Right now I'm solving a physical problem, but I faced with some mathematical difficulties. I'm having a problem with taking Fourier integral of $\frac{1}{|x|}$. It seems to me that I'm doing it too straightforward.
$$\int\limits_{-\infty}^{+\infty}\frac{e^{-ixk}}{|x|}dx = \int\limits_{0}^{+\infty}\frac{e^{ixk}}{x}dx + \int\limits_{0}^{+\infty}\frac{e^{-ixk}}{x}dx = 2\int\limits_{0}^{+\infty}\frac{\cos kx}{x}dx = -2\operatorname{Ci}(\xi = 0).$$
where $\xi = kx$. Here $k$ is a wave vector, $x$ is a cartesian coordinate.
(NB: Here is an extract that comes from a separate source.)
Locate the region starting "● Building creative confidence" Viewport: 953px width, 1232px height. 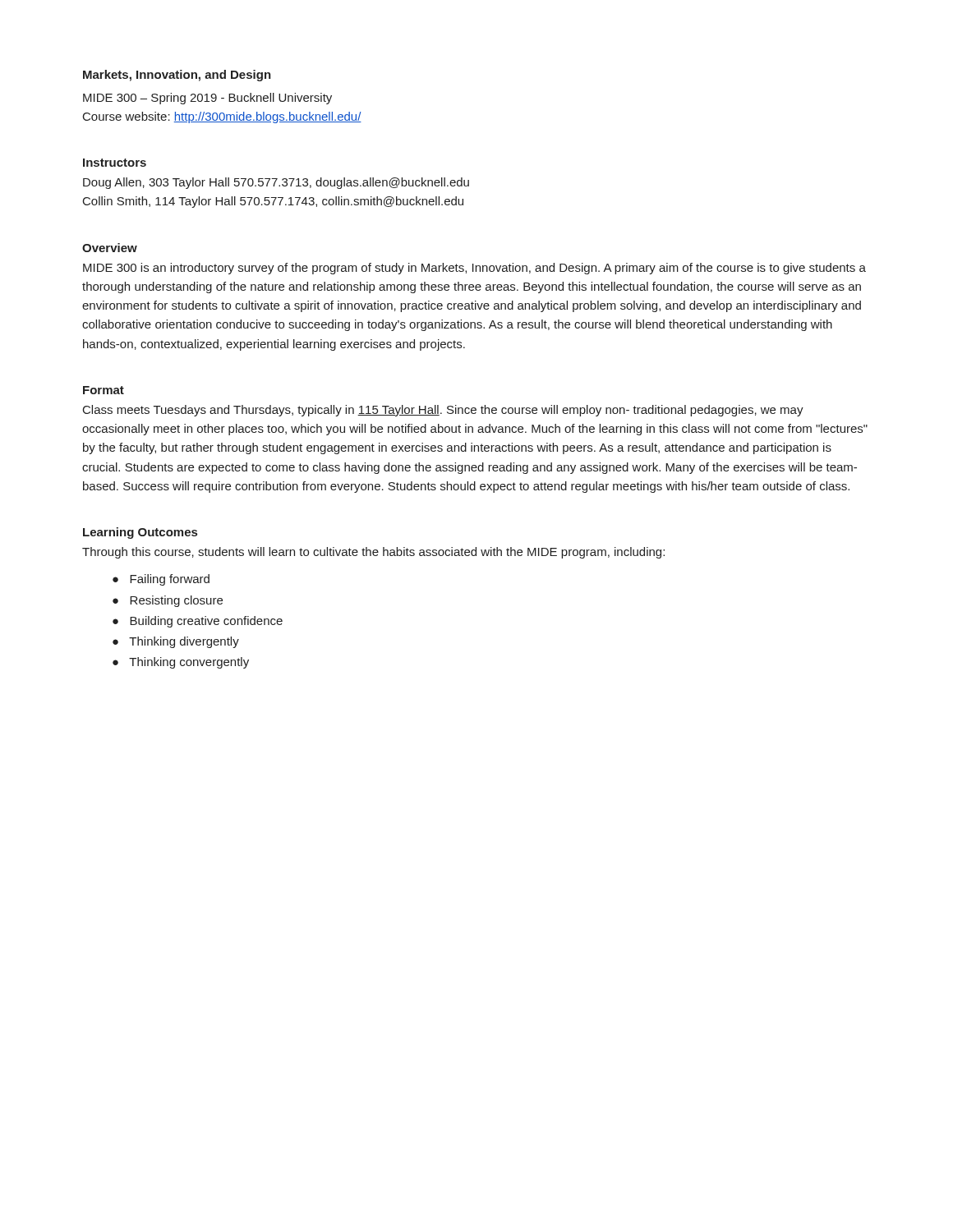(x=197, y=620)
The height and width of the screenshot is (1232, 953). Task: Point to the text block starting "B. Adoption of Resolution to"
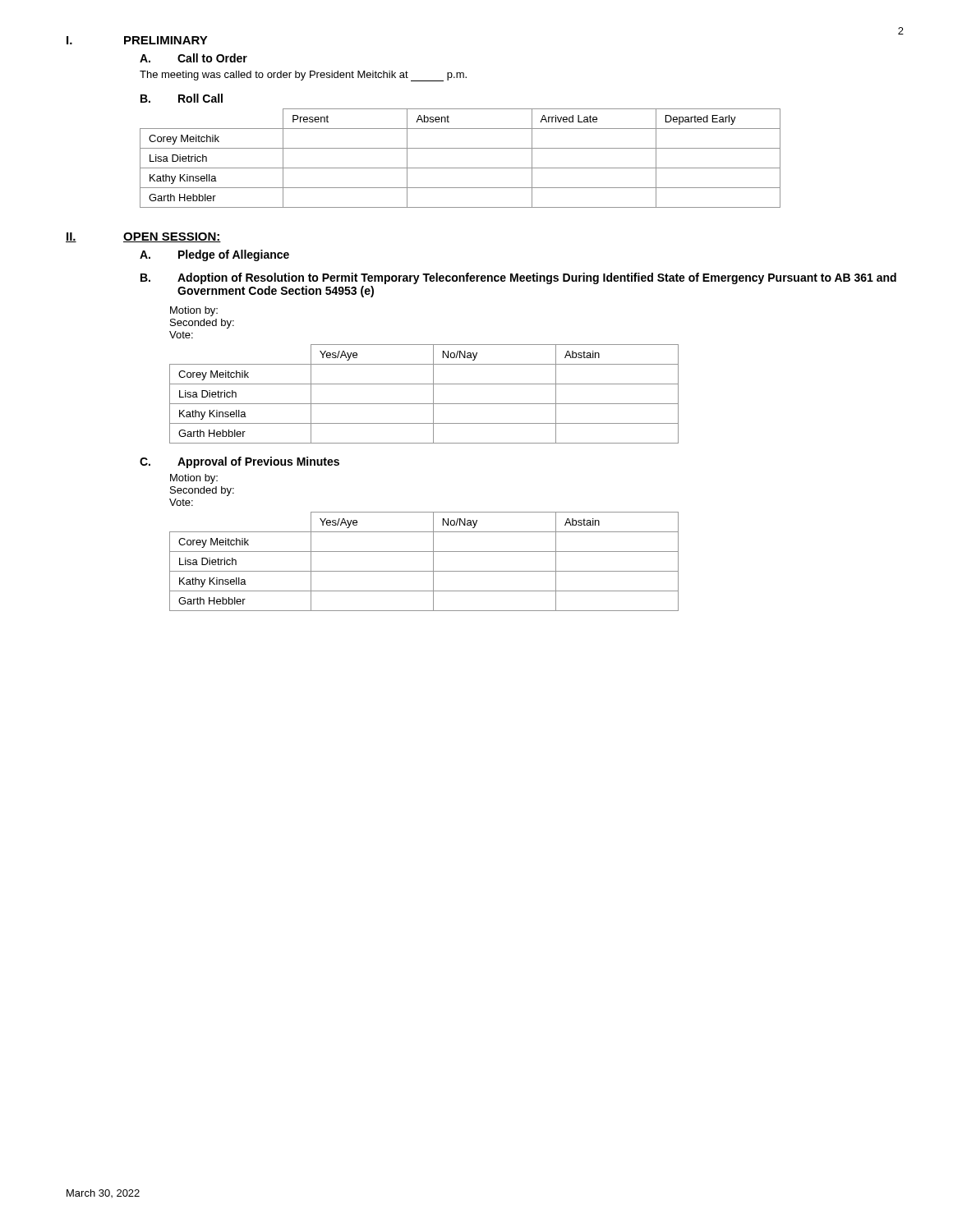tap(522, 284)

And cosine integral seemes to be appeared. I know that it is divergent in 0, but from some physical reasons one can put it $\xi = \xi_0 \ll1$ to make it converge.
I used Mathematica 10 to check it (I used InverseFourierTransform), but what I got is this: $$\int\limits_{-\infty}^{+\infty}\frac{e^{-ixk}}{|x|}dx = -2 (\gamma + \ln|k|).$$
The RHS looks similar to cosine integral but it's not.
P.S. The initial integral is divergent. What am I s'posed to do? Could you help me out?